Indian ruler of the Nayak dynasty

Raja Venkatappa Nayaka IV or Nalvadi Raja Venkatappa Nayaka ನಾಲ್ವಡಿ ರಾಜಾ ವೆಂಕಟಪ್ಪ ನಾಯಕ (1843–1858), was a prominent final ruler from the Nayak Dynasty of Shorapur (or Surapur) in present-day Yadgiri district of Karnataka state. He refused to accept the suzerainty of the British East India Company and waged a war against them during the Indian Rebellion of 1857. He also aligned the southern kings to fight against the British and created an alliance consisting of Jattu, Jamkhandi State, Mudhol State, Naragund and Koppal states.

== Biography ==
Venkatappa Nayaka was a devout virashaivite and built several forts in and around Barkur and also established Veerashaiva Mathas at several places. This district was ruled by Valmiki Nayaka's (berad) who had a tough resistance to Aurangzeb. The British appointed Philip Meadows Taylor as its Resident and Regent when the ruler there died, leaving a young prince Venkatappa. Venkatappa Nayaka was educated in English and Taylor had endeared himself to the prince, who addressed Taylor as "Appa".

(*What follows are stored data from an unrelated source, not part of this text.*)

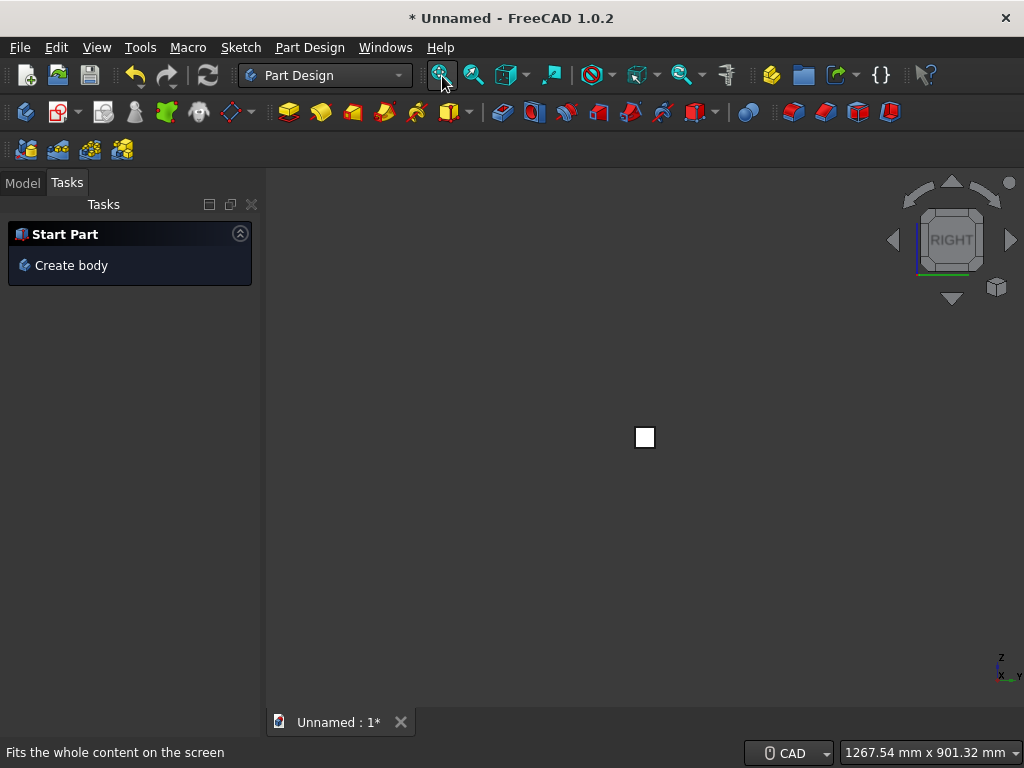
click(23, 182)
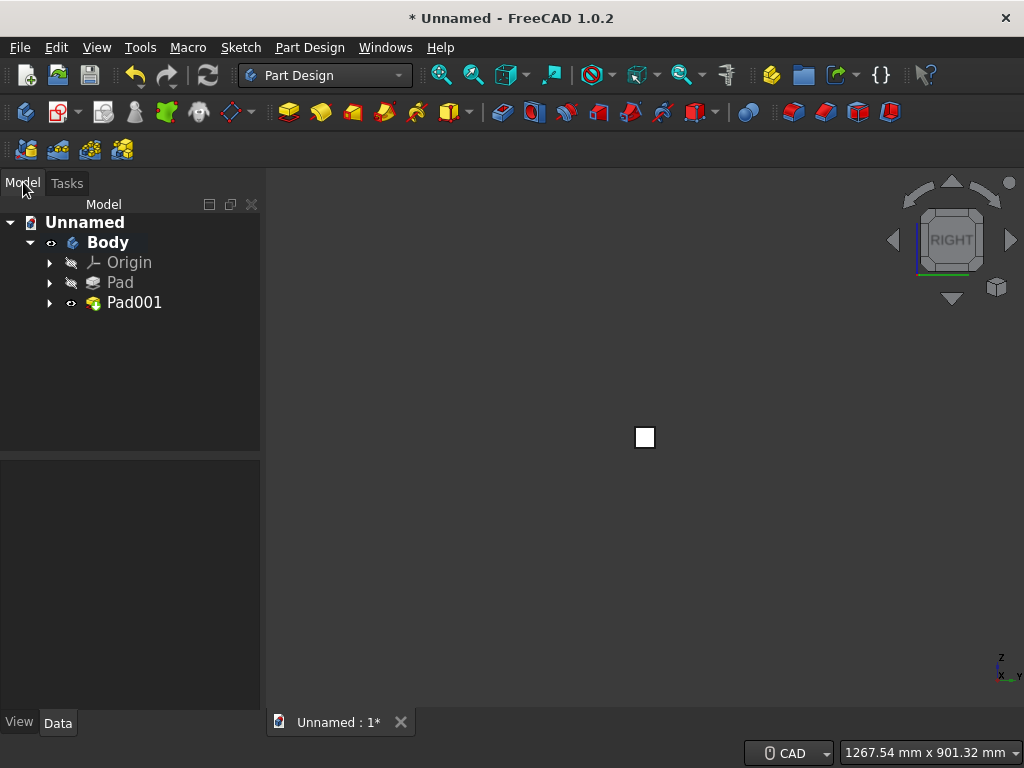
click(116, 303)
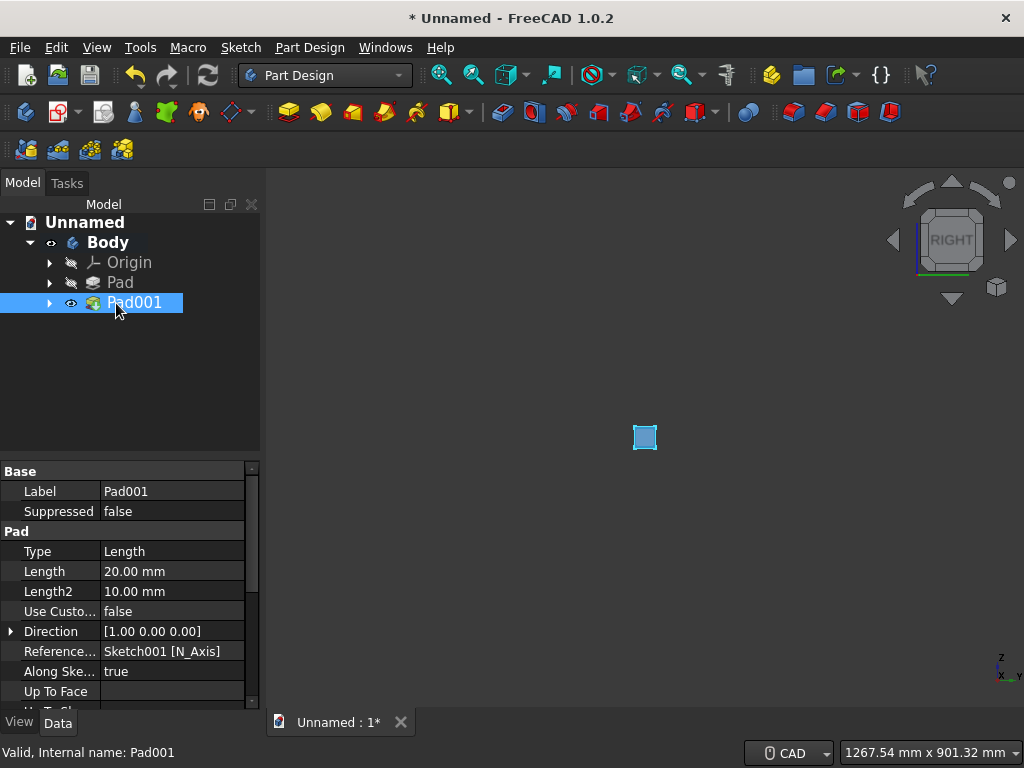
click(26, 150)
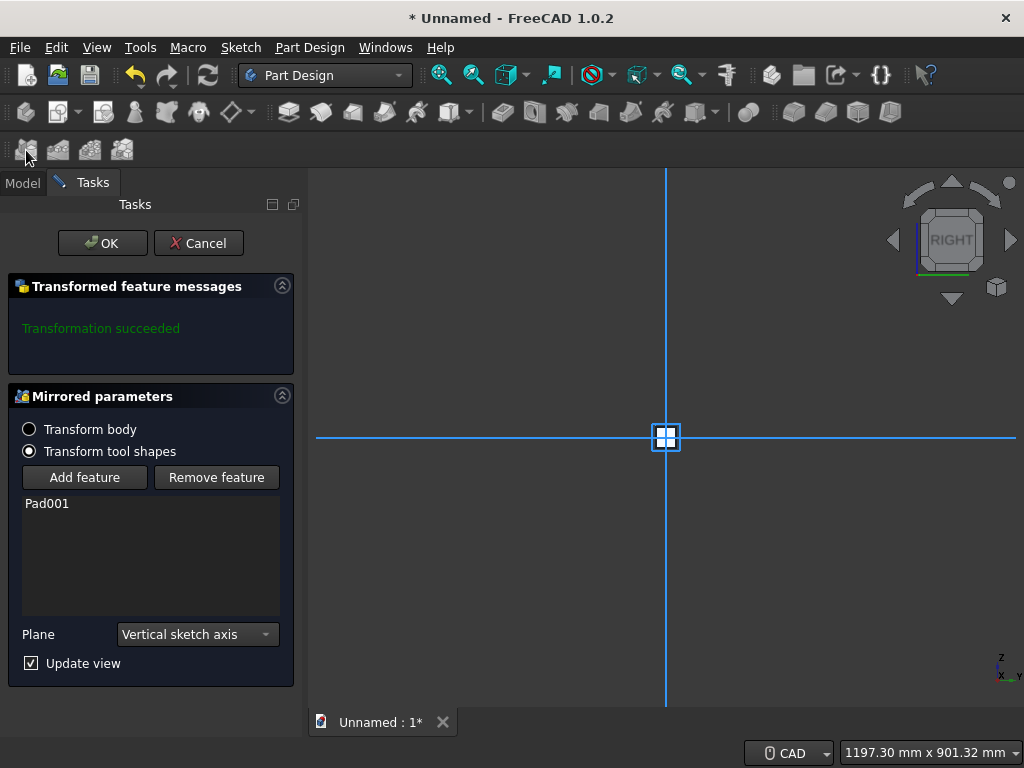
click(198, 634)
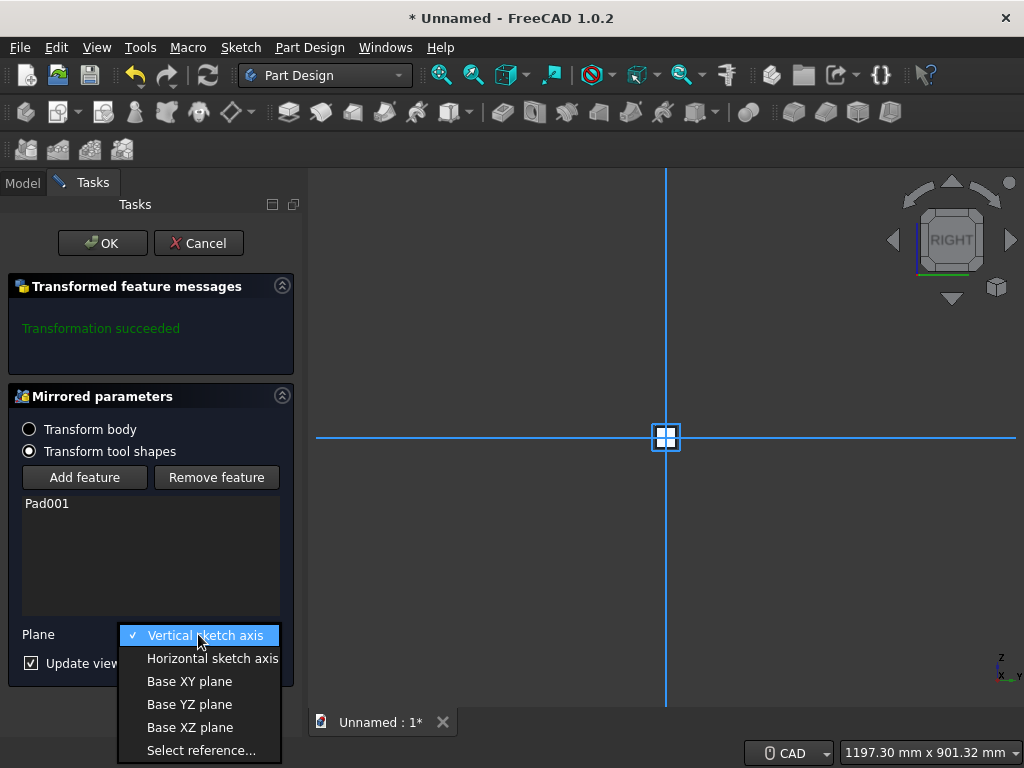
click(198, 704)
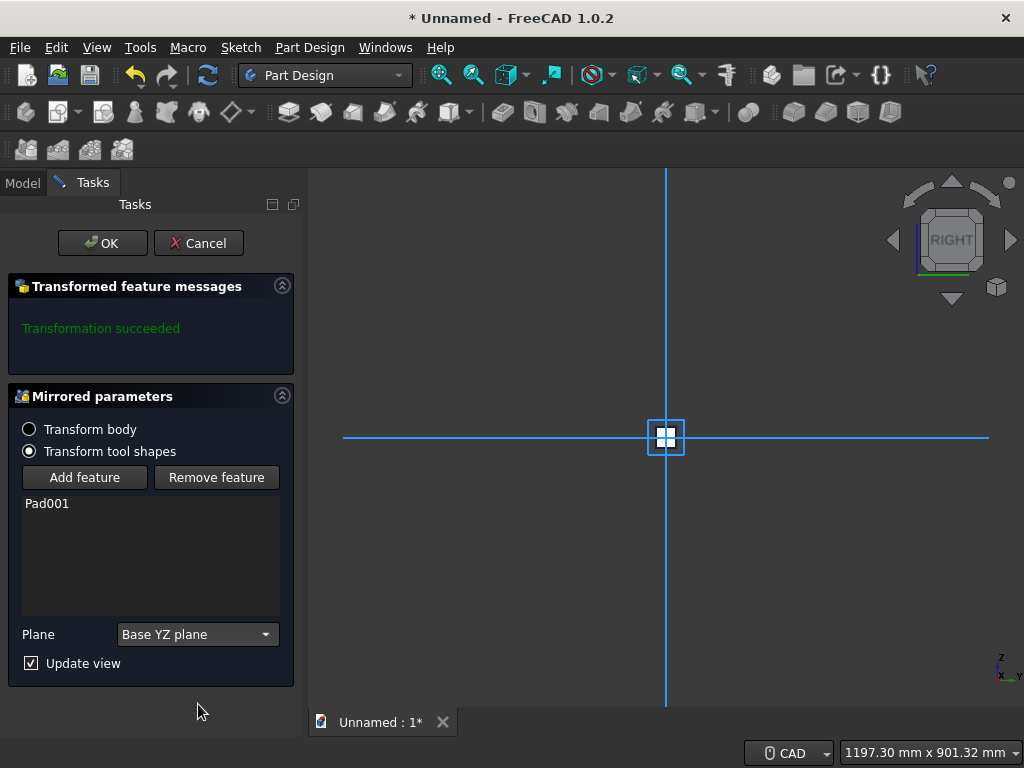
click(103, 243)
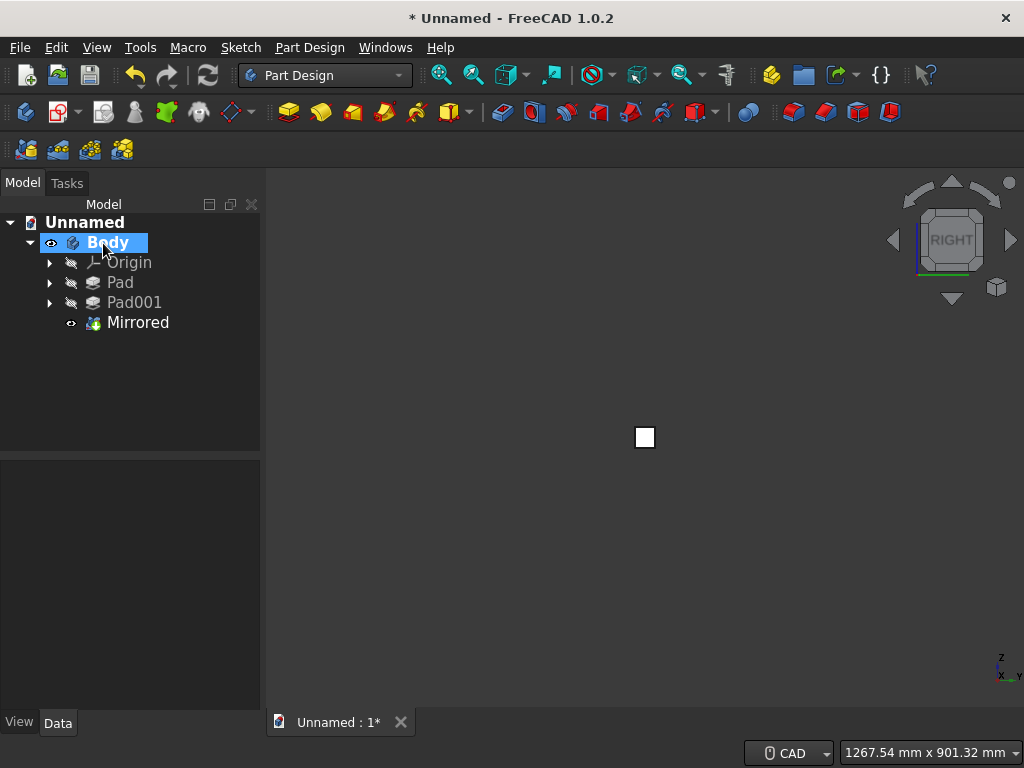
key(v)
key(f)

When the prince started his personal rule, being well educated, he felt the British overlordship very irritating. He was in his early 20s and had sent an agent to Peshwa Nanasaheb II in December 1857. The British heard reports that Venkatappa was planning a revolt on 8 August 1858, and was trying to encourage the British Regiments at Kolhapur, Dharwad and Belgaum to revolt. Two agents trying to sow seeds of dissension in the Belgaum army had been identified on 2 February 1858, and they were dispatched by Venkatappa and Raja of Jamkhandi. Venkatappa had recruited a large number of Arabs and Rohillas. Captain Malcolm posted a contingent at a village near Surapur and another battalion was posted at Sindhanur.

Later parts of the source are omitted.